Pneumonia

Community-Acquired Pneumonia (CAP)

October 2019 IDSA CAP Adult Guidelines / CHEST CAP in Immunocompromised Patients / IDSA CAP in Kids Guidelines

CAP is defined as pneumonia with an onset outside of the hospital setting or < 48 hours after hospital admission. Mortality ranges from < 1% to 50% depending on severity of illness. It is one of the leading infectious causes of hospitalization and
death.

Bacterial CAP is usually caused by S. pneumonia, H. influenza, S. aureus, legionella (usually more severe), mycoplasma and Chlamydophila (less severe), and pseudomonas and Enterobacteriaceae sometimes isolated.

Etiology:

Unidentified (55-74%)	Viral (14-27%)	Bacterial (15-29%)
Presumed infection, but no pathogen identified (or no cultures)	Rhinovirus 3‐13% Influenza 1‐6% Human metapneumovirus 1‐4% Coronavirusa 2‐3% Parainfluenza 2‐3% Respiratory syncytial virus 1‐3% Other 2%	Streptococcus pneumoniae 5‐14% Staphylococcus aureus 1‐5% Haemophilus influenzae <1‐6% Mycoplasma pneumoniae 1‐3% Pseudomonas aeruginosa <1‐3% Legionella spp. 1% Other 3‐5%

You don’t usually do cultures in CAP unless it’s severe CAP or if Legionella is suspected.  Chest infiltrate and cough/sputum are diagnostic. If hospitalized/severe, you want to get gram stain, sputum cultures, blood cultures *2. You may also get MRSA nares, pneumococcal and Legionella urinary antigens, , Don’t go by procalcitonin to diagnose or to discontinue therapy (more on procal further down).

For CAP, there are a few “scores” you should be familiar with. The CURB-65 has fallen out of favor, but it’s quick and easy and still may be tested. However, we usually don’t use it to determine ICU admission anymore (I left that in because some practitioners still do), it’s sometimes used for inpatient vs outpatient. To determine whether to admit to ICU or the floor, you should use clinical criteria and provider judgment.
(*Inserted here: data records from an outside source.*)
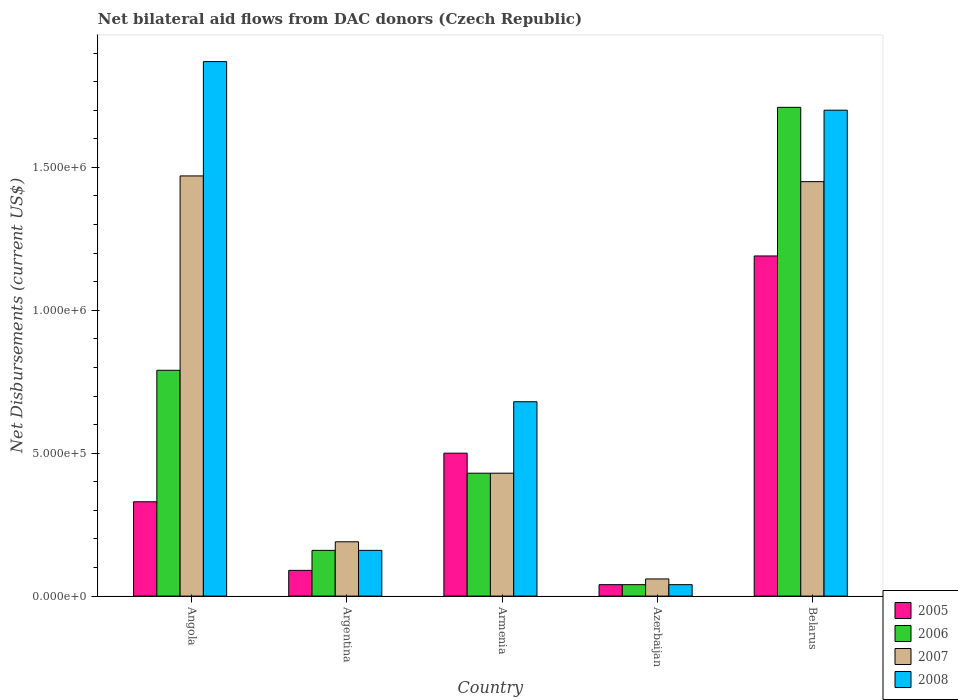How many different coloured bars are there?
Your response must be concise. 4. Are the number of bars per tick equal to the number of legend labels?
Provide a short and direct response. Yes. How many bars are there on the 5th tick from the right?
Your answer should be very brief. 4. What is the label of the 4th group of bars from the left?
Provide a short and direct response. Azerbaijan. What is the net bilateral aid flows in 2008 in Azerbaijan?
Give a very brief answer. 4.00e+04. Across all countries, what is the maximum net bilateral aid flows in 2006?
Give a very brief answer. 1.71e+06. Across all countries, what is the minimum net bilateral aid flows in 2005?
Keep it short and to the point. 4.00e+04. In which country was the net bilateral aid flows in 2005 maximum?
Ensure brevity in your answer.  Belarus. In which country was the net bilateral aid flows in 2005 minimum?
Ensure brevity in your answer.  Azerbaijan. What is the total net bilateral aid flows in 2008 in the graph?
Provide a succinct answer. 4.45e+06. What is the difference between the net bilateral aid flows in 2006 in Armenia and that in Azerbaijan?
Offer a terse response. 3.90e+05. What is the difference between the net bilateral aid flows in 2008 in Angola and the net bilateral aid flows in 2006 in Azerbaijan?
Your answer should be compact. 1.83e+06. What is the average net bilateral aid flows in 2005 per country?
Offer a terse response. 4.30e+05. What is the difference between the net bilateral aid flows of/in 2006 and net bilateral aid flows of/in 2007 in Angola?
Ensure brevity in your answer.  -6.80e+05. What is the ratio of the net bilateral aid flows in 2005 in Angola to that in Azerbaijan?
Provide a succinct answer. 8.25. Is the net bilateral aid flows in 2008 in Armenia less than that in Belarus?
Provide a succinct answer. Yes. What is the difference between the highest and the lowest net bilateral aid flows in 2008?
Your response must be concise. 1.83e+06. In how many countries, is the net bilateral aid flows in 2007 greater than the average net bilateral aid flows in 2007 taken over all countries?
Give a very brief answer. 2. Is it the case that in every country, the sum of the net bilateral aid flows in 2006 and net bilateral aid flows in 2008 is greater than the sum of net bilateral aid flows in 2005 and net bilateral aid flows in 2007?
Provide a short and direct response. No. What does the 2nd bar from the left in Argentina represents?
Keep it short and to the point. 2006. Is it the case that in every country, the sum of the net bilateral aid flows in 2008 and net bilateral aid flows in 2006 is greater than the net bilateral aid flows in 2007?
Make the answer very short. Yes. How many bars are there?
Offer a very short reply. 20. How many countries are there in the graph?
Provide a succinct answer. 5. What is the difference between two consecutive major ticks on the Y-axis?
Offer a terse response. 5.00e+05. Does the graph contain grids?
Offer a terse response. No. How are the legend labels stacked?
Provide a succinct answer. Vertical. What is the title of the graph?
Your answer should be compact. Net bilateral aid flows from DAC donors (Czech Republic). Does "1976" appear as one of the legend labels in the graph?
Your response must be concise. No. What is the label or title of the Y-axis?
Your answer should be compact. Net Disbursements (current US$). What is the Net Disbursements (current US$) in 2006 in Angola?
Offer a very short reply. 7.90e+05. What is the Net Disbursements (current US$) of 2007 in Angola?
Your response must be concise. 1.47e+06. What is the Net Disbursements (current US$) in 2008 in Angola?
Provide a succinct answer. 1.87e+06. What is the Net Disbursements (current US$) of 2005 in Argentina?
Ensure brevity in your answer.  9.00e+04. What is the Net Disbursements (current US$) of 2007 in Argentina?
Your response must be concise. 1.90e+05. What is the Net Disbursements (current US$) in 2006 in Armenia?
Ensure brevity in your answer.  4.30e+05. What is the Net Disbursements (current US$) of 2008 in Armenia?
Your answer should be very brief. 6.80e+05. What is the Net Disbursements (current US$) in 2005 in Azerbaijan?
Make the answer very short. 4.00e+04. What is the Net Disbursements (current US$) of 2006 in Azerbaijan?
Keep it short and to the point. 4.00e+04. What is the Net Disbursements (current US$) of 2005 in Belarus?
Your answer should be very brief. 1.19e+06. What is the Net Disbursements (current US$) in 2006 in Belarus?
Offer a terse response. 1.71e+06. What is the Net Disbursements (current US$) in 2007 in Belarus?
Offer a terse response. 1.45e+06. What is the Net Disbursements (current US$) in 2008 in Belarus?
Your answer should be compact. 1.70e+06. Across all countries, what is the maximum Net Disbursements (current US$) of 2005?
Offer a very short reply. 1.19e+06. Across all countries, what is the maximum Net Disbursements (current US$) in 2006?
Your answer should be compact. 1.71e+06. Across all countries, what is the maximum Net Disbursements (current US$) of 2007?
Offer a very short reply. 1.47e+06. Across all countries, what is the maximum Net Disbursements (current US$) in 2008?
Provide a short and direct response. 1.87e+06. Across all countries, what is the minimum Net Disbursements (current US$) in 2005?
Your response must be concise. 4.00e+04. Across all countries, what is the minimum Net Disbursements (current US$) of 2008?
Your response must be concise. 4.00e+04. What is the total Net Disbursements (current US$) of 2005 in the graph?
Offer a terse response. 2.15e+06. What is the total Net Disbursements (current US$) of 2006 in the graph?
Offer a very short reply. 3.13e+06. What is the total Net Disbursements (current US$) in 2007 in the graph?
Offer a terse response. 3.60e+06. What is the total Net Disbursements (current US$) in 2008 in the graph?
Offer a very short reply. 4.45e+06. What is the difference between the Net Disbursements (current US$) in 2005 in Angola and that in Argentina?
Provide a short and direct response. 2.40e+05. What is the difference between the Net Disbursements (current US$) in 2006 in Angola and that in Argentina?
Provide a short and direct response. 6.30e+05. What is the difference between the Net Disbursements (current US$) in 2007 in Angola and that in Argentina?
Make the answer very short. 1.28e+06. What is the difference between the Net Disbursements (current US$) in 2008 in Angola and that in Argentina?
Keep it short and to the point. 1.71e+06. What is the difference between the Net Disbursements (current US$) in 2005 in Angola and that in Armenia?
Make the answer very short. -1.70e+05. What is the difference between the Net Disbursements (current US$) in 2007 in Angola and that in Armenia?
Offer a very short reply. 1.04e+06. What is the difference between the Net Disbursements (current US$) in 2008 in Angola and that in Armenia?
Ensure brevity in your answer.  1.19e+06. What is the difference between the Net Disbursements (current US$) of 2005 in Angola and that in Azerbaijan?
Ensure brevity in your answer.  2.90e+05. What is the difference between the Net Disbursements (current US$) of 2006 in Angola and that in Azerbaijan?
Make the answer very short. 7.50e+05. What is the difference between the Net Disbursements (current US$) in 2007 in Angola and that in Azerbaijan?
Ensure brevity in your answer.  1.41e+06. What is the difference between the Net Disbursements (current US$) of 2008 in Angola and that in Azerbaijan?
Provide a short and direct response. 1.83e+06. What is the difference between the Net Disbursements (current US$) in 2005 in Angola and that in Belarus?
Keep it short and to the point. -8.60e+05. What is the difference between the Net Disbursements (current US$) of 2006 in Angola and that in Belarus?
Your response must be concise. -9.20e+05. What is the difference between the Net Disbursements (current US$) in 2007 in Angola and that in Belarus?
Give a very brief answer. 2.00e+04. What is the difference between the Net Disbursements (current US$) in 2008 in Angola and that in Belarus?
Provide a short and direct response. 1.70e+05. What is the difference between the Net Disbursements (current US$) of 2005 in Argentina and that in Armenia?
Make the answer very short. -4.10e+05. What is the difference between the Net Disbursements (current US$) of 2006 in Argentina and that in Armenia?
Offer a terse response. -2.70e+05. What is the difference between the Net Disbursements (current US$) in 2007 in Argentina and that in Armenia?
Your response must be concise. -2.40e+05. What is the difference between the Net Disbursements (current US$) in 2008 in Argentina and that in Armenia?
Provide a short and direct response. -5.20e+05. What is the difference between the Net Disbursements (current US$) of 2005 in Argentina and that in Belarus?
Make the answer very short. -1.10e+06. What is the difference between the Net Disbursements (current US$) of 2006 in Argentina and that in Belarus?
Offer a very short reply. -1.55e+06. What is the difference between the Net Disbursements (current US$) in 2007 in Argentina and that in Belarus?
Your response must be concise. -1.26e+06. What is the difference between the Net Disbursements (current US$) of 2008 in Argentina and that in Belarus?
Give a very brief answer. -1.54e+06. What is the difference between the Net Disbursements (current US$) in 2007 in Armenia and that in Azerbaijan?
Your response must be concise. 3.70e+05. What is the difference between the Net Disbursements (current US$) in 2008 in Armenia and that in Azerbaijan?
Offer a very short reply. 6.40e+05. What is the difference between the Net Disbursements (current US$) in 2005 in Armenia and that in Belarus?
Give a very brief answer. -6.90e+05. What is the difference between the Net Disbursements (current US$) in 2006 in Armenia and that in Belarus?
Make the answer very short. -1.28e+06. What is the difference between the Net Disbursements (current US$) of 2007 in Armenia and that in Belarus?
Make the answer very short. -1.02e+06. What is the difference between the Net Disbursements (current US$) in 2008 in Armenia and that in Belarus?
Your answer should be compact. -1.02e+06. What is the difference between the Net Disbursements (current US$) of 2005 in Azerbaijan and that in Belarus?
Provide a succinct answer. -1.15e+06. What is the difference between the Net Disbursements (current US$) in 2006 in Azerbaijan and that in Belarus?
Give a very brief answer. -1.67e+06. What is the difference between the Net Disbursements (current US$) in 2007 in Azerbaijan and that in Belarus?
Make the answer very short. -1.39e+06. What is the difference between the Net Disbursements (current US$) of 2008 in Azerbaijan and that in Belarus?
Offer a very short reply. -1.66e+06. What is the difference between the Net Disbursements (current US$) in 2005 in Angola and the Net Disbursements (current US$) in 2007 in Argentina?
Provide a short and direct response. 1.40e+05. What is the difference between the Net Disbursements (current US$) of 2005 in Angola and the Net Disbursements (current US$) of 2008 in Argentina?
Provide a short and direct response. 1.70e+05. What is the difference between the Net Disbursements (current US$) of 2006 in Angola and the Net Disbursements (current US$) of 2007 in Argentina?
Your answer should be compact. 6.00e+05. What is the difference between the Net Disbursements (current US$) of 2006 in Angola and the Net Disbursements (current US$) of 2008 in Argentina?
Provide a succinct answer. 6.30e+05. What is the difference between the Net Disbursements (current US$) in 2007 in Angola and the Net Disbursements (current US$) in 2008 in Argentina?
Keep it short and to the point. 1.31e+06. What is the difference between the Net Disbursements (current US$) in 2005 in Angola and the Net Disbursements (current US$) in 2006 in Armenia?
Your answer should be very brief. -1.00e+05. What is the difference between the Net Disbursements (current US$) in 2005 in Angola and the Net Disbursements (current US$) in 2007 in Armenia?
Keep it short and to the point. -1.00e+05. What is the difference between the Net Disbursements (current US$) of 2005 in Angola and the Net Disbursements (current US$) of 2008 in Armenia?
Your answer should be very brief. -3.50e+05. What is the difference between the Net Disbursements (current US$) in 2006 in Angola and the Net Disbursements (current US$) in 2007 in Armenia?
Your response must be concise. 3.60e+05. What is the difference between the Net Disbursements (current US$) in 2006 in Angola and the Net Disbursements (current US$) in 2008 in Armenia?
Ensure brevity in your answer.  1.10e+05. What is the difference between the Net Disbursements (current US$) of 2007 in Angola and the Net Disbursements (current US$) of 2008 in Armenia?
Provide a short and direct response. 7.90e+05. What is the difference between the Net Disbursements (current US$) in 2006 in Angola and the Net Disbursements (current US$) in 2007 in Azerbaijan?
Provide a short and direct response. 7.30e+05. What is the difference between the Net Disbursements (current US$) of 2006 in Angola and the Net Disbursements (current US$) of 2008 in Azerbaijan?
Offer a very short reply. 7.50e+05. What is the difference between the Net Disbursements (current US$) in 2007 in Angola and the Net Disbursements (current US$) in 2008 in Azerbaijan?
Give a very brief answer. 1.43e+06. What is the difference between the Net Disbursements (current US$) of 2005 in Angola and the Net Disbursements (current US$) of 2006 in Belarus?
Offer a terse response. -1.38e+06. What is the difference between the Net Disbursements (current US$) of 2005 in Angola and the Net Disbursements (current US$) of 2007 in Belarus?
Provide a short and direct response. -1.12e+06. What is the difference between the Net Disbursements (current US$) in 2005 in Angola and the Net Disbursements (current US$) in 2008 in Belarus?
Provide a succinct answer. -1.37e+06. What is the difference between the Net Disbursements (current US$) of 2006 in Angola and the Net Disbursements (current US$) of 2007 in Belarus?
Your response must be concise. -6.60e+05. What is the difference between the Net Disbursements (current US$) of 2006 in Angola and the Net Disbursements (current US$) of 2008 in Belarus?
Make the answer very short. -9.10e+05. What is the difference between the Net Disbursements (current US$) of 2005 in Argentina and the Net Disbursements (current US$) of 2006 in Armenia?
Ensure brevity in your answer.  -3.40e+05. What is the difference between the Net Disbursements (current US$) in 2005 in Argentina and the Net Disbursements (current US$) in 2008 in Armenia?
Keep it short and to the point. -5.90e+05. What is the difference between the Net Disbursements (current US$) in 2006 in Argentina and the Net Disbursements (current US$) in 2007 in Armenia?
Your answer should be compact. -2.70e+05. What is the difference between the Net Disbursements (current US$) of 2006 in Argentina and the Net Disbursements (current US$) of 2008 in Armenia?
Offer a very short reply. -5.20e+05. What is the difference between the Net Disbursements (current US$) in 2007 in Argentina and the Net Disbursements (current US$) in 2008 in Armenia?
Your answer should be very brief. -4.90e+05. What is the difference between the Net Disbursements (current US$) of 2005 in Argentina and the Net Disbursements (current US$) of 2007 in Azerbaijan?
Make the answer very short. 3.00e+04. What is the difference between the Net Disbursements (current US$) of 2006 in Argentina and the Net Disbursements (current US$) of 2008 in Azerbaijan?
Give a very brief answer. 1.20e+05. What is the difference between the Net Disbursements (current US$) in 2007 in Argentina and the Net Disbursements (current US$) in 2008 in Azerbaijan?
Your answer should be compact. 1.50e+05. What is the difference between the Net Disbursements (current US$) of 2005 in Argentina and the Net Disbursements (current US$) of 2006 in Belarus?
Make the answer very short. -1.62e+06. What is the difference between the Net Disbursements (current US$) of 2005 in Argentina and the Net Disbursements (current US$) of 2007 in Belarus?
Make the answer very short. -1.36e+06. What is the difference between the Net Disbursements (current US$) in 2005 in Argentina and the Net Disbursements (current US$) in 2008 in Belarus?
Make the answer very short. -1.61e+06. What is the difference between the Net Disbursements (current US$) in 2006 in Argentina and the Net Disbursements (current US$) in 2007 in Belarus?
Your answer should be very brief. -1.29e+06. What is the difference between the Net Disbursements (current US$) in 2006 in Argentina and the Net Disbursements (current US$) in 2008 in Belarus?
Your answer should be very brief. -1.54e+06. What is the difference between the Net Disbursements (current US$) in 2007 in Argentina and the Net Disbursements (current US$) in 2008 in Belarus?
Make the answer very short. -1.51e+06. What is the difference between the Net Disbursements (current US$) of 2006 in Armenia and the Net Disbursements (current US$) of 2007 in Azerbaijan?
Your response must be concise. 3.70e+05. What is the difference between the Net Disbursements (current US$) of 2007 in Armenia and the Net Disbursements (current US$) of 2008 in Azerbaijan?
Provide a short and direct response. 3.90e+05. What is the difference between the Net Disbursements (current US$) of 2005 in Armenia and the Net Disbursements (current US$) of 2006 in Belarus?
Offer a terse response. -1.21e+06. What is the difference between the Net Disbursements (current US$) in 2005 in Armenia and the Net Disbursements (current US$) in 2007 in Belarus?
Provide a succinct answer. -9.50e+05. What is the difference between the Net Disbursements (current US$) in 2005 in Armenia and the Net Disbursements (current US$) in 2008 in Belarus?
Your response must be concise. -1.20e+06. What is the difference between the Net Disbursements (current US$) in 2006 in Armenia and the Net Disbursements (current US$) in 2007 in Belarus?
Your answer should be compact. -1.02e+06. What is the difference between the Net Disbursements (current US$) of 2006 in Armenia and the Net Disbursements (current US$) of 2008 in Belarus?
Provide a short and direct response. -1.27e+06. What is the difference between the Net Disbursements (current US$) in 2007 in Armenia and the Net Disbursements (current US$) in 2008 in Belarus?
Give a very brief answer. -1.27e+06. What is the difference between the Net Disbursements (current US$) of 2005 in Azerbaijan and the Net Disbursements (current US$) of 2006 in Belarus?
Your answer should be very brief. -1.67e+06. What is the difference between the Net Disbursements (current US$) in 2005 in Azerbaijan and the Net Disbursements (current US$) in 2007 in Belarus?
Give a very brief answer. -1.41e+06. What is the difference between the Net Disbursements (current US$) in 2005 in Azerbaijan and the Net Disbursements (current US$) in 2008 in Belarus?
Your response must be concise. -1.66e+06. What is the difference between the Net Disbursements (current US$) in 2006 in Azerbaijan and the Net Disbursements (current US$) in 2007 in Belarus?
Make the answer very short. -1.41e+06. What is the difference between the Net Disbursements (current US$) of 2006 in Azerbaijan and the Net Disbursements (current US$) of 2008 in Belarus?
Offer a terse response. -1.66e+06. What is the difference between the Net Disbursements (current US$) of 2007 in Azerbaijan and the Net Disbursements (current US$) of 2008 in Belarus?
Give a very brief answer. -1.64e+06. What is the average Net Disbursements (current US$) in 2006 per country?
Keep it short and to the point. 6.26e+05. What is the average Net Disbursements (current US$) of 2007 per country?
Give a very brief answer. 7.20e+05. What is the average Net Disbursements (current US$) in 2008 per country?
Give a very brief answer. 8.90e+05. What is the difference between the Net Disbursements (current US$) in 2005 and Net Disbursements (current US$) in 2006 in Angola?
Offer a very short reply. -4.60e+05. What is the difference between the Net Disbursements (current US$) of 2005 and Net Disbursements (current US$) of 2007 in Angola?
Offer a terse response. -1.14e+06. What is the difference between the Net Disbursements (current US$) in 2005 and Net Disbursements (current US$) in 2008 in Angola?
Make the answer very short. -1.54e+06. What is the difference between the Net Disbursements (current US$) of 2006 and Net Disbursements (current US$) of 2007 in Angola?
Offer a terse response. -6.80e+05. What is the difference between the Net Disbursements (current US$) in 2006 and Net Disbursements (current US$) in 2008 in Angola?
Your response must be concise. -1.08e+06. What is the difference between the Net Disbursements (current US$) in 2007 and Net Disbursements (current US$) in 2008 in Angola?
Provide a succinct answer. -4.00e+05. What is the difference between the Net Disbursements (current US$) in 2005 and Net Disbursements (current US$) in 2007 in Argentina?
Your response must be concise. -1.00e+05. What is the difference between the Net Disbursements (current US$) in 2006 and Net Disbursements (current US$) in 2007 in Argentina?
Ensure brevity in your answer.  -3.00e+04. What is the difference between the Net Disbursements (current US$) in 2006 and Net Disbursements (current US$) in 2008 in Argentina?
Make the answer very short. 0. What is the difference between the Net Disbursements (current US$) of 2007 and Net Disbursements (current US$) of 2008 in Argentina?
Make the answer very short. 3.00e+04. What is the difference between the Net Disbursements (current US$) of 2005 and Net Disbursements (current US$) of 2006 in Armenia?
Provide a short and direct response. 7.00e+04. What is the difference between the Net Disbursements (current US$) of 2005 and Net Disbursements (current US$) of 2008 in Armenia?
Provide a succinct answer. -1.80e+05. What is the difference between the Net Disbursements (current US$) of 2006 and Net Disbursements (current US$) of 2007 in Armenia?
Offer a terse response. 0. What is the difference between the Net Disbursements (current US$) of 2007 and Net Disbursements (current US$) of 2008 in Armenia?
Ensure brevity in your answer.  -2.50e+05. What is the difference between the Net Disbursements (current US$) in 2005 and Net Disbursements (current US$) in 2007 in Azerbaijan?
Make the answer very short. -2.00e+04. What is the difference between the Net Disbursements (current US$) of 2006 and Net Disbursements (current US$) of 2007 in Azerbaijan?
Your answer should be compact. -2.00e+04. What is the difference between the Net Disbursements (current US$) of 2006 and Net Disbursements (current US$) of 2008 in Azerbaijan?
Keep it short and to the point. 0. What is the difference between the Net Disbursements (current US$) of 2007 and Net Disbursements (current US$) of 2008 in Azerbaijan?
Offer a terse response. 2.00e+04. What is the difference between the Net Disbursements (current US$) of 2005 and Net Disbursements (current US$) of 2006 in Belarus?
Offer a very short reply. -5.20e+05. What is the difference between the Net Disbursements (current US$) in 2005 and Net Disbursements (current US$) in 2007 in Belarus?
Your answer should be very brief. -2.60e+05. What is the difference between the Net Disbursements (current US$) of 2005 and Net Disbursements (current US$) of 2008 in Belarus?
Make the answer very short. -5.10e+05. What is the difference between the Net Disbursements (current US$) in 2006 and Net Disbursements (current US$) in 2008 in Belarus?
Your answer should be very brief. 10000. What is the ratio of the Net Disbursements (current US$) in 2005 in Angola to that in Argentina?
Give a very brief answer. 3.67. What is the ratio of the Net Disbursements (current US$) in 2006 in Angola to that in Argentina?
Your answer should be very brief. 4.94. What is the ratio of the Net Disbursements (current US$) in 2007 in Angola to that in Argentina?
Offer a terse response. 7.74. What is the ratio of the Net Disbursements (current US$) in 2008 in Angola to that in Argentina?
Your response must be concise. 11.69. What is the ratio of the Net Disbursements (current US$) of 2005 in Angola to that in Armenia?
Keep it short and to the point. 0.66. What is the ratio of the Net Disbursements (current US$) in 2006 in Angola to that in Armenia?
Provide a short and direct response. 1.84. What is the ratio of the Net Disbursements (current US$) of 2007 in Angola to that in Armenia?
Your response must be concise. 3.42. What is the ratio of the Net Disbursements (current US$) in 2008 in Angola to that in Armenia?
Offer a very short reply. 2.75. What is the ratio of the Net Disbursements (current US$) in 2005 in Angola to that in Azerbaijan?
Give a very brief answer. 8.25. What is the ratio of the Net Disbursements (current US$) in 2006 in Angola to that in Azerbaijan?
Your response must be concise. 19.75. What is the ratio of the Net Disbursements (current US$) in 2007 in Angola to that in Azerbaijan?
Make the answer very short. 24.5. What is the ratio of the Net Disbursements (current US$) of 2008 in Angola to that in Azerbaijan?
Offer a very short reply. 46.75. What is the ratio of the Net Disbursements (current US$) of 2005 in Angola to that in Belarus?
Keep it short and to the point. 0.28. What is the ratio of the Net Disbursements (current US$) in 2006 in Angola to that in Belarus?
Offer a terse response. 0.46. What is the ratio of the Net Disbursements (current US$) in 2007 in Angola to that in Belarus?
Your answer should be very brief. 1.01. What is the ratio of the Net Disbursements (current US$) in 2008 in Angola to that in Belarus?
Your answer should be compact. 1.1. What is the ratio of the Net Disbursements (current US$) of 2005 in Argentina to that in Armenia?
Make the answer very short. 0.18. What is the ratio of the Net Disbursements (current US$) of 2006 in Argentina to that in Armenia?
Offer a very short reply. 0.37. What is the ratio of the Net Disbursements (current US$) in 2007 in Argentina to that in Armenia?
Your answer should be compact. 0.44. What is the ratio of the Net Disbursements (current US$) of 2008 in Argentina to that in Armenia?
Your answer should be compact. 0.24. What is the ratio of the Net Disbursements (current US$) of 2005 in Argentina to that in Azerbaijan?
Provide a succinct answer. 2.25. What is the ratio of the Net Disbursements (current US$) of 2006 in Argentina to that in Azerbaijan?
Offer a very short reply. 4. What is the ratio of the Net Disbursements (current US$) in 2007 in Argentina to that in Azerbaijan?
Your response must be concise. 3.17. What is the ratio of the Net Disbursements (current US$) of 2005 in Argentina to that in Belarus?
Make the answer very short. 0.08. What is the ratio of the Net Disbursements (current US$) in 2006 in Argentina to that in Belarus?
Make the answer very short. 0.09. What is the ratio of the Net Disbursements (current US$) of 2007 in Argentina to that in Belarus?
Your response must be concise. 0.13. What is the ratio of the Net Disbursements (current US$) of 2008 in Argentina to that in Belarus?
Ensure brevity in your answer.  0.09. What is the ratio of the Net Disbursements (current US$) of 2005 in Armenia to that in Azerbaijan?
Your answer should be very brief. 12.5. What is the ratio of the Net Disbursements (current US$) of 2006 in Armenia to that in Azerbaijan?
Provide a succinct answer. 10.75. What is the ratio of the Net Disbursements (current US$) of 2007 in Armenia to that in Azerbaijan?
Provide a succinct answer. 7.17. What is the ratio of the Net Disbursements (current US$) of 2008 in Armenia to that in Azerbaijan?
Your answer should be very brief. 17. What is the ratio of the Net Disbursements (current US$) of 2005 in Armenia to that in Belarus?
Offer a very short reply. 0.42. What is the ratio of the Net Disbursements (current US$) of 2006 in Armenia to that in Belarus?
Your answer should be very brief. 0.25. What is the ratio of the Net Disbursements (current US$) in 2007 in Armenia to that in Belarus?
Your response must be concise. 0.3. What is the ratio of the Net Disbursements (current US$) in 2005 in Azerbaijan to that in Belarus?
Your answer should be compact. 0.03. What is the ratio of the Net Disbursements (current US$) in 2006 in Azerbaijan to that in Belarus?
Make the answer very short. 0.02. What is the ratio of the Net Disbursements (current US$) of 2007 in Azerbaijan to that in Belarus?
Provide a succinct answer. 0.04. What is the ratio of the Net Disbursements (current US$) of 2008 in Azerbaijan to that in Belarus?
Provide a short and direct response. 0.02. What is the difference between the highest and the second highest Net Disbursements (current US$) of 2005?
Keep it short and to the point. 6.90e+05. What is the difference between the highest and the second highest Net Disbursements (current US$) in 2006?
Offer a very short reply. 9.20e+05. What is the difference between the highest and the lowest Net Disbursements (current US$) in 2005?
Your response must be concise. 1.15e+06. What is the difference between the highest and the lowest Net Disbursements (current US$) of 2006?
Make the answer very short. 1.67e+06. What is the difference between the highest and the lowest Net Disbursements (current US$) in 2007?
Your answer should be compact. 1.41e+06. What is the difference between the highest and the lowest Net Disbursements (current US$) of 2008?
Offer a very short reply. 1.83e+06.

• 1 point each: Confusion, Urea >19, Respiratory Rate >=30, Blood pressure <90 SBP or <=60 DBP, age >=65
• Score = 0 or 1: can treat as outpatient
• Score = 1: consider admission, but can closely watch as outpatient
• Score = 2: Inpatient admission, consider ICU

Generally, the Pneumonia Severity Index is preferred, but it’s far more complicated. It predicts patients who can be treated as outpatients better, saving unnecessary hospitalizations. A tool or scorecard must be used to obtain this score.

• <=70 outpatient
• 71-90-Inpatient observation
• >=91-Admission

DRIP Scores

Another score you’ll sometimes see in relation to CAP is the DRIP (Drug Resistance in Pneumonia) score. This is used to predict a patient’s probability of having a resistance infection. A patient with a DRIP score <4 can be treated effectively without broad-spectrum antibiotic coverage, while a patient with a score ≥4 is more likely to require broad- spectrum antibiotic coverage. The DRIP score is more predictive than the healthcare-associated pneumonia (HCAP) criteria were for drug-resistant pathogens, and may have the potential to decrease antibiotic overutilization in pneumonia (Webb BJ, Sorensen J, Mecham I, et al. Antibiotic use and outcomes after implementation of the drug resistance in pneumonia score in ED patients with community-onset pneumonia. Chest. 2019;156(5):843-851.).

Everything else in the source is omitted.